*** Study material ***

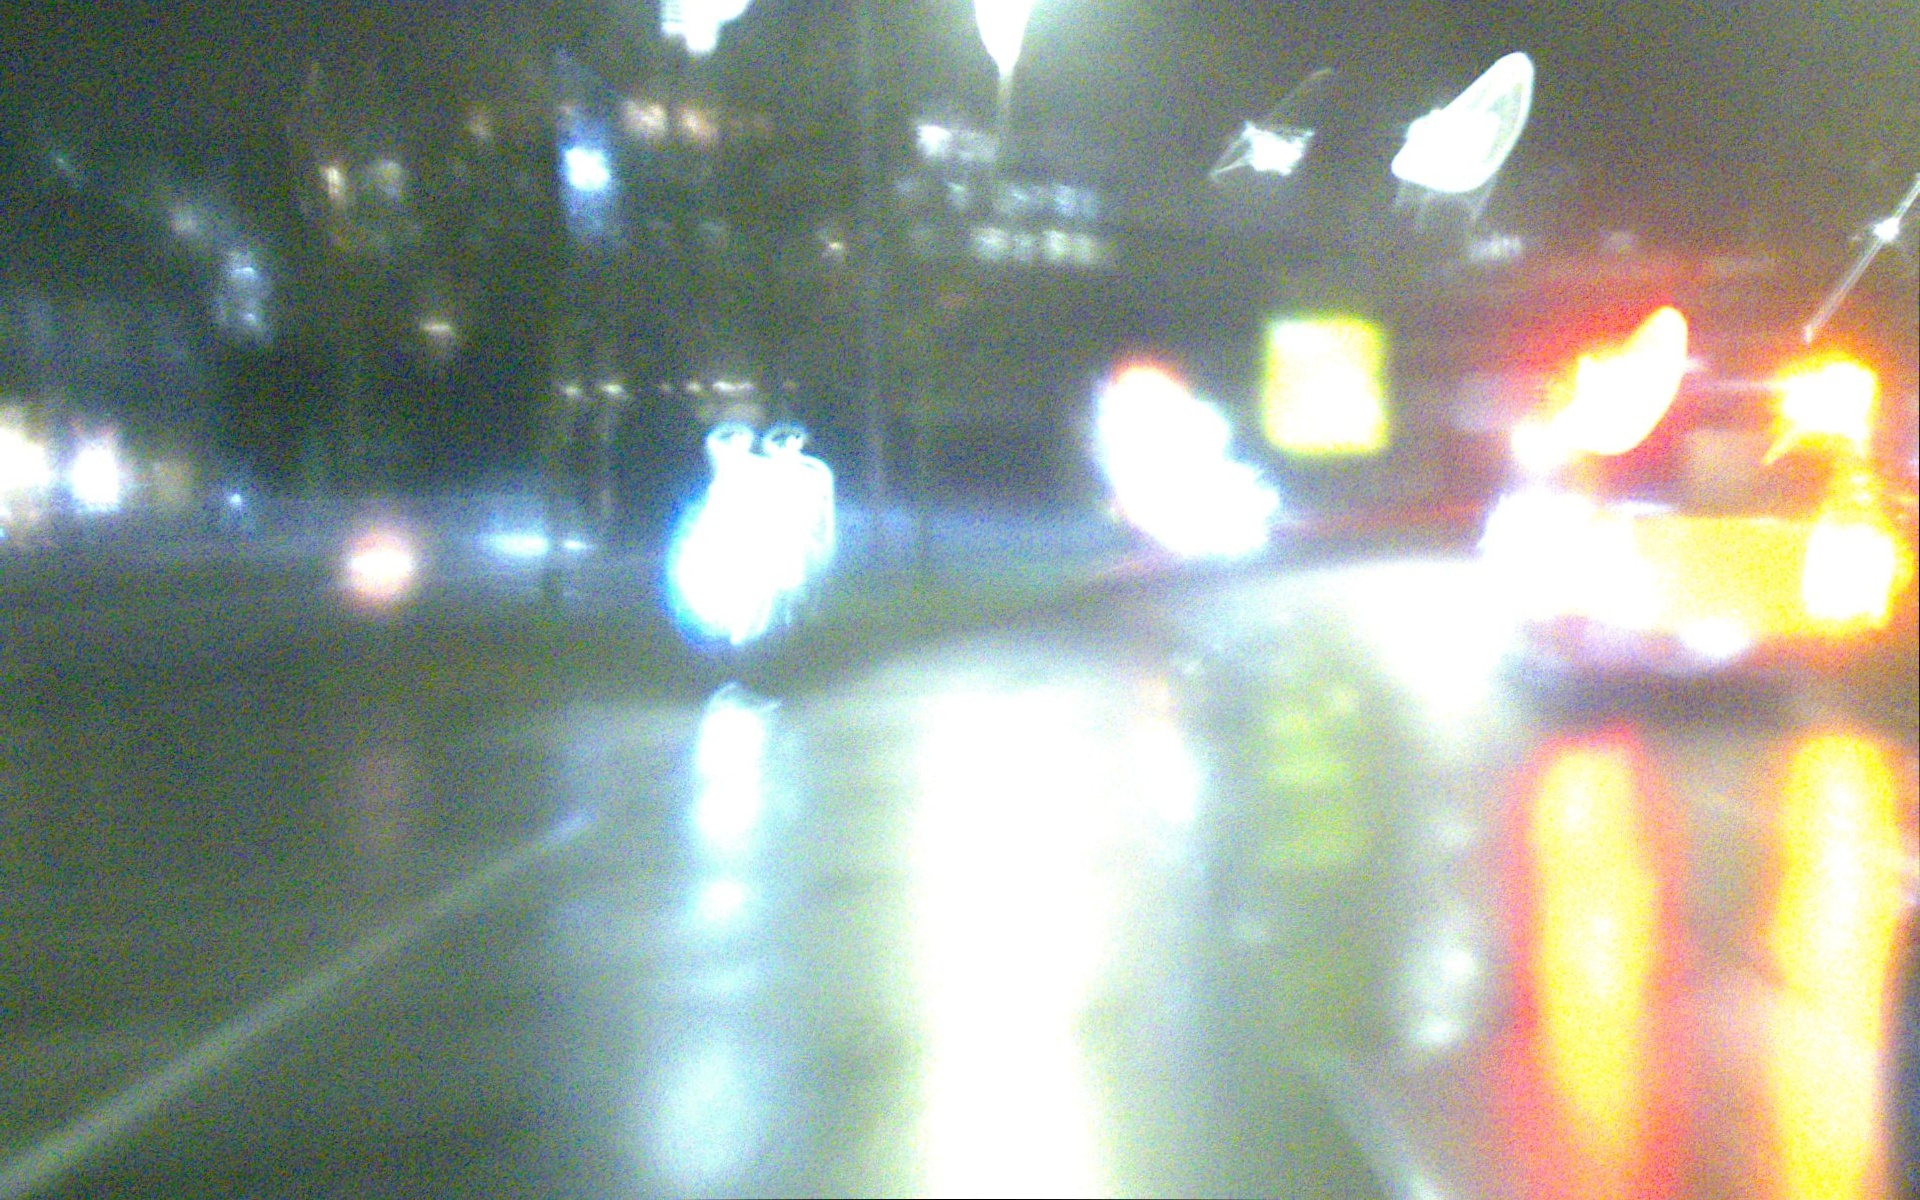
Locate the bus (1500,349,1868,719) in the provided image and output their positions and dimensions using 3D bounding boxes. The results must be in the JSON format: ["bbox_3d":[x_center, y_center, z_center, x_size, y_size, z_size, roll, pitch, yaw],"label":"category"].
[{"bbox_3d":[7.018,-0.664,34.521,3.044,3.201,9.047,1,1,9],"label":"bus"}]

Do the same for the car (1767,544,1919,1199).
[{"bbox_3d":[2.731,0.682,5.289,1.993,1.519,4.000,0,1,-1],"label":"car"}]

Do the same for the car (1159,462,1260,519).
[{"bbox_3d":[6.785,-2.970,93.219,1.867,1.458,4.637,-2,2,15],"label":"car"}]
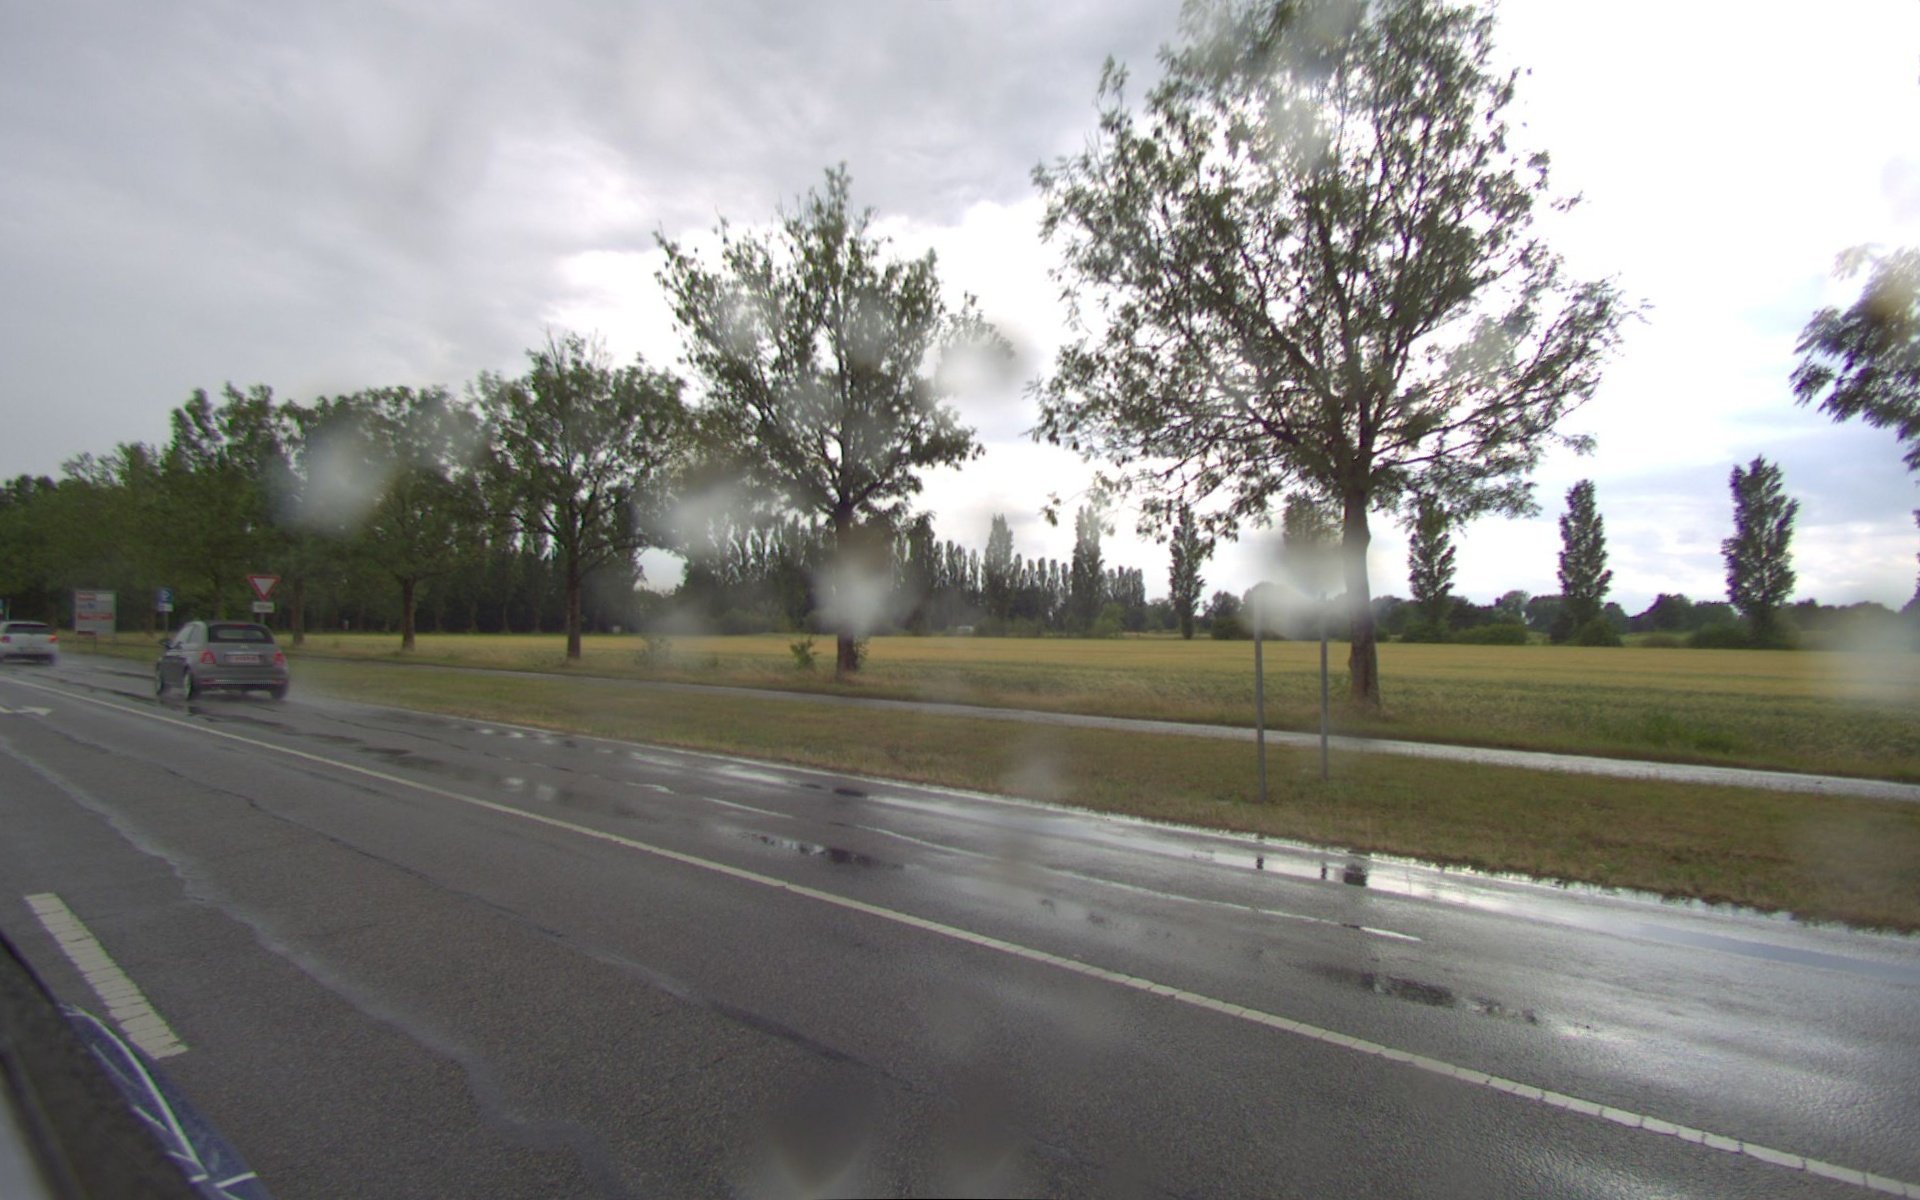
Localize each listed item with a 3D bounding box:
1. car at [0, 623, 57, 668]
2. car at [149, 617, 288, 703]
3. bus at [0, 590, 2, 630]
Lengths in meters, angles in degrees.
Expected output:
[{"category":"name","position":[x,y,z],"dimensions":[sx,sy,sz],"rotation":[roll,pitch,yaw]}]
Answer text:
[{"category":"car","position":[-32.560,1.558,34.882],"dimensions":[3.460,1.461,1.651],"rotation":[-1,-4,41]},{"category":"car","position":[-14.525,1.135,19.782],"dimensions":[3.300,1.541,1.484],"rotation":[-1,-4,42]},{"category":"bus","position":[-47.762,1.024,47.260],"dimensions":[12.465,2.934,2.920],"rotation":[-1,-3,40]}]

*** End of Study material ***

## What the task requires
Without the pictures, return all the records precisely as they stand.

## Written answer
Locate the bus (1500,349,1868,719) in the provided image and output their positions and dimensions using 3D bounding boxes. The results must be in the JSON format: ["bbox_3d":[x_center, y_center, z_center, x_size, y_size, z_size, roll, pitch, yaw],"label":"category"].
[{"bbox_3d":[7.018,-0.664,34.521,3.044,3.201,9.047,1,1,9],"label":"bus"}]

Do the same for the car (1767,544,1919,1199).
[{"bbox_3d":[2.731,0.682,5.289,1.993,1.519,4.000,0,1,-1],"label":"car"}]

Do the same for the car (1159,462,1260,519).
[{"bbox_3d":[6.785,-2.970,93.219,1.867,1.458,4.637,-2,2,15],"label":"car"}]
Localize each listed item with a 3D bounding box:
1. car at [0, 623, 57, 668]
2. car at [149, 617, 288, 703]
3. bus at [0, 590, 2, 630]
Lengths in meters, angles in degrees.
Expected output:
[{"category":"name","position":[x,y,z],"dimensions":[sx,sy,sz],"rotation":[roll,pitch,yaw]}]
Answer text:
[{"category":"car","position":[-32.560,1.558,34.882],"dimensions":[3.460,1.461,1.651],"rotation":[-1,-4,41]},{"category":"car","position":[-14.525,1.135,19.782],"dimensions":[3.300,1.541,1.484],"rotation":[-1,-4,42]},{"category":"bus","position":[-47.762,1.024,47.260],"dimensions":[12.465,2.934,2.920],"rotation":[-1,-3,40]}]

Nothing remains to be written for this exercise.